- Conference: Independent
- Record: 4–3
- Head coach: David M. Nelson (7th season);
- Captain: Joe Harvanik
- Home stadium: Delaware Stadium

= 1957 Delaware Fightin' Blue Hens football team =

American college football season

The 1957 Delaware Fightin' Blue Hens football team was an American football team that represented the University of Delaware as an independent during the 1957 college football season.
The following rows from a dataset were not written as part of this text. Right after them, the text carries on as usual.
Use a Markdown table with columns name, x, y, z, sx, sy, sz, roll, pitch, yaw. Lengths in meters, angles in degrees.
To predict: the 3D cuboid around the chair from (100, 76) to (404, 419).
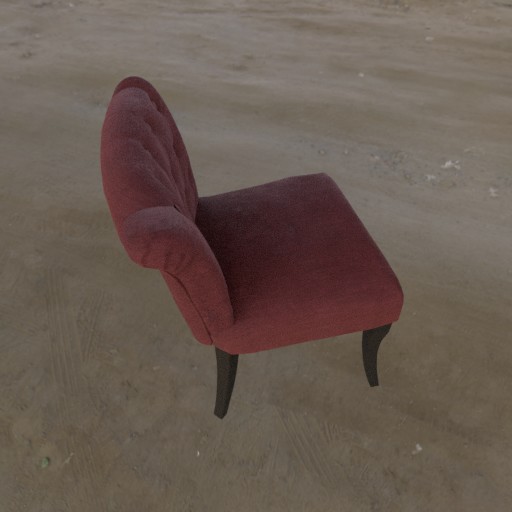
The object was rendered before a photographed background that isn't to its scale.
| name | x | y | z | sx | sy | sz | roll | pitch | yaw |
| --- | --- | --- | --- | --- | --- | --- | --- | --- | --- |
| chair | 0.000 | 0.000 | 1.122 | 0.605 | 0.750 | 0.582 | -11 | 46 | -10 |

In its seventh season under head coach David M. Nelson, the team compiled a 4–3 record and outscored opponents by a total of 210 to 84. Joe Harvanik was the team captain.

Delaware did not play its scheduled date with Lafayette on Oct. 12, as an outbreak of Asian flu affecting more than 20 of the Leopards' players prompted them to cancel the game.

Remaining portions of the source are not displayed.